The final vote was 11 to 1 for not guilty. But a
unanimous result is required for a verdict in a criminal matter. One of the women on the panel -- a newly minted graphic designer and mother of three –
would not be shaken from her vote for conviction, even when one of the other
jurors got particularly hostile toward her during deliberations. Since there was no hope of full agreement, the judge declared a mistrial. He wasn't happy with us.

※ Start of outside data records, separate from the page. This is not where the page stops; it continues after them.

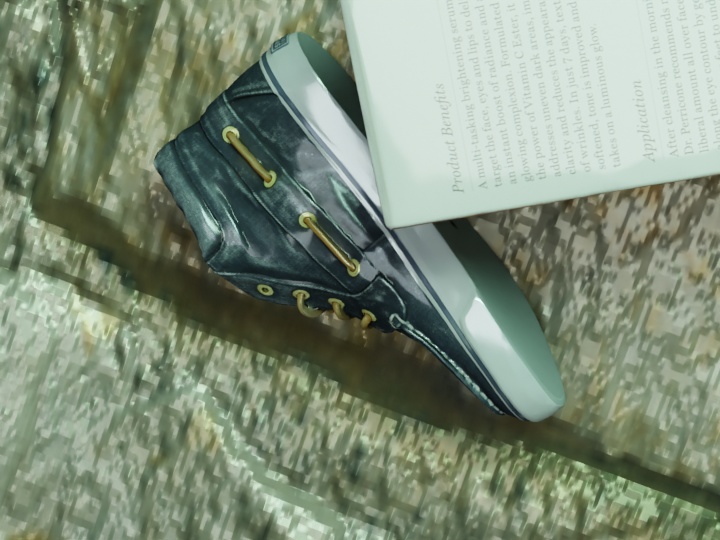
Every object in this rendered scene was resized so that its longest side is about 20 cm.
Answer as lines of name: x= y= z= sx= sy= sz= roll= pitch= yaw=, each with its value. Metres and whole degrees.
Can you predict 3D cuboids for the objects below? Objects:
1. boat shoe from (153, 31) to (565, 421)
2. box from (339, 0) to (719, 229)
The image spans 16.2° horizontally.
boat shoe: x=0.000 y=0.000 z=1.098 sx=0.091 sy=0.071 sz=0.200 roll=-38 pitch=87 yaw=16
box: x=0.106 y=-0.096 z=1.014 sx=0.200 sy=0.152 sz=0.106 roll=-9 pitch=101 yaw=11
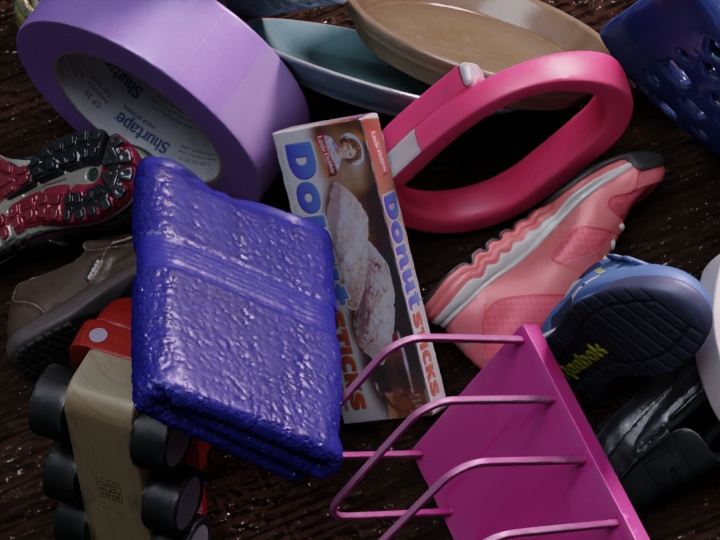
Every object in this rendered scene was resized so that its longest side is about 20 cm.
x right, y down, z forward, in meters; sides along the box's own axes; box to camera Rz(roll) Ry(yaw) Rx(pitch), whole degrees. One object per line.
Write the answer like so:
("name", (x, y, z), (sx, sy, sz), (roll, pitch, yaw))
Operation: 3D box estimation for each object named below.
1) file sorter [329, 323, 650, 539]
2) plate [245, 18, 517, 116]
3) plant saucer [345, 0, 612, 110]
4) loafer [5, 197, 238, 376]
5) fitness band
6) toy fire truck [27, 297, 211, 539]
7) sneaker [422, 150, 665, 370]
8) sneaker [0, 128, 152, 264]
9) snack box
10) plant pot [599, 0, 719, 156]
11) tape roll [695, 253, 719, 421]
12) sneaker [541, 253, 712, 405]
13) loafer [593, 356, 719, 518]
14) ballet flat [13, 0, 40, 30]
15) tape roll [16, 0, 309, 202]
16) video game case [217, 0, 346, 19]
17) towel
("file sorter", (0.069, 0.154, 1.601), (0.125, 0.139, 0.201), (1, 51, -40))
("plate", (0.014, -0.132, 1.784), (0.199, 0.200, 0.026), (19, 105, 18))
("plant saucer", (0.081, -0.158, 1.795), (0.199, 0.030, 0.200), (14, 24, -6))
("loafer", (-0.159, -0.003, 1.777), (0.199, 0.073, 0.071), (-25, 58, 1))
("fitness band", (0.089, -0.085, 1.717), (0.200, 0.143, 0.038), (-38, 57, 40))
("toy fire truck", (-0.106, 0.080, 1.684), (0.128, 0.177, 0.200), (15, 50, 17))
("sneaker", (0.136, -0.003, 1.753), (0.200, 0.074, 0.087), (-36, 88, -15))
("sneaker", (-0.225, -0.043, 1.811), (0.199, 0.075, 0.081), (-7, 76, 27))
("snack box", (0.000, 0.000, 1.704), (0.072, 0.024, 0.201), (-8, 101, 34))
("plant pot", (0.303, -0.154, 1.714), (0.200, 0.200, 0.180), (-35, 90, -13))
("tape roll", (0.305, 0.048, 1.622), (0.202, 0.037, 0.204), (7, 65, -14))
("sneaker", (0.168, 0.022, 1.631), (0.074, 0.200, 0.082), (42, 69, -8))
("loafer", (0.197, 0.106, 1.652), (0.070, 0.068, 0.201), (37, 91, 34))
("ballet flat", (-0.156, -0.206, 1.896), (0.199, 0.071, 0.071), (-13, 61, 1))
("tape roll", (-0.134, -0.127, 1.773), (0.199, 0.200, 0.066), (27, 68, 21))
("video game case", (-0.133, -0.212, 1.743), (0.199, 0.182, 0.023), (18, 82, -29))
("towel", (-0.080, 0.032, 1.604), (0.147, 0.050, 0.201), (23, 40, -25))

I too was upset with the “score,” but I reminded myself later
that this isn’t a football game or a boxing match. An individual’s livelihood
is also at stake. Apparently, the 25-year-old defendant had had a fight with
his girlfriend over the mysterious Scott, who hosted the party. The young man
was upset about the love triangle and took to drinking vodka. I believe that he
got in his car and drove away, but determined that he was so drunk he couldn’t
continue, and pulled over on a residential street to call his family. Had a
passerby not felt the parked car was a traffic hazard and called the police,
the defendant might have slept in his car all night and nobody would have been
the wiser.
I felt kind of sorry for him. I think it was actually
fortunate that he over-imbibed to the point where his blood-alcohol reading was
0.26 a full five hours after the party Had he consumed just a little less, he
might have felt confident enough to continue driving, and possibly cause an
accident. Before we judge him too harshly, are there very many of us who drink
socially, who have never tried to drive a car when perhaps we shouldn’t have,
even only once?
The wheels of justice grind VERY slowly. There is no
concession to the dramatic timing we might see in movies or on TV. It’s
tedious. Our judge tried to lighten things up with stories about British common
law, San Francisco
history, college campuses, etc., but his gravelly voice was soporific. The
young prosecutor had charts, graphs, exhibits and a PowerPoint presentation, but
just couldn’t put her case over the line, and I felt kind of sorry for her,
too, it being her first one. I told her I was grateful it wasn’t a
double-murder; she would have needed four moving vans to introduce all her
stuff. Fortunately, she has a sense of humor, or I would have been slapped with
a writ or something.
The defendant in our case might not have gotten off completely Scott-free, so to speak, as the prosecution can decide to retry, but that seems unlikely here.
Many believe that military service makes a better American
citizen. Following my experience, I think jury service, at least once, does the
same. Perhaps going against the negative grain left by the O.J. Simpson trial
(officially 20 years old this year), I believe that court cases open to the
public should be televised or available by live stream. The court system is
something about which most of us labor under a woeful level of ignorance.
This is a long read, so if you’ve gotten this far, I thank
you for your service, and my gavel is coming down to declare this post closed.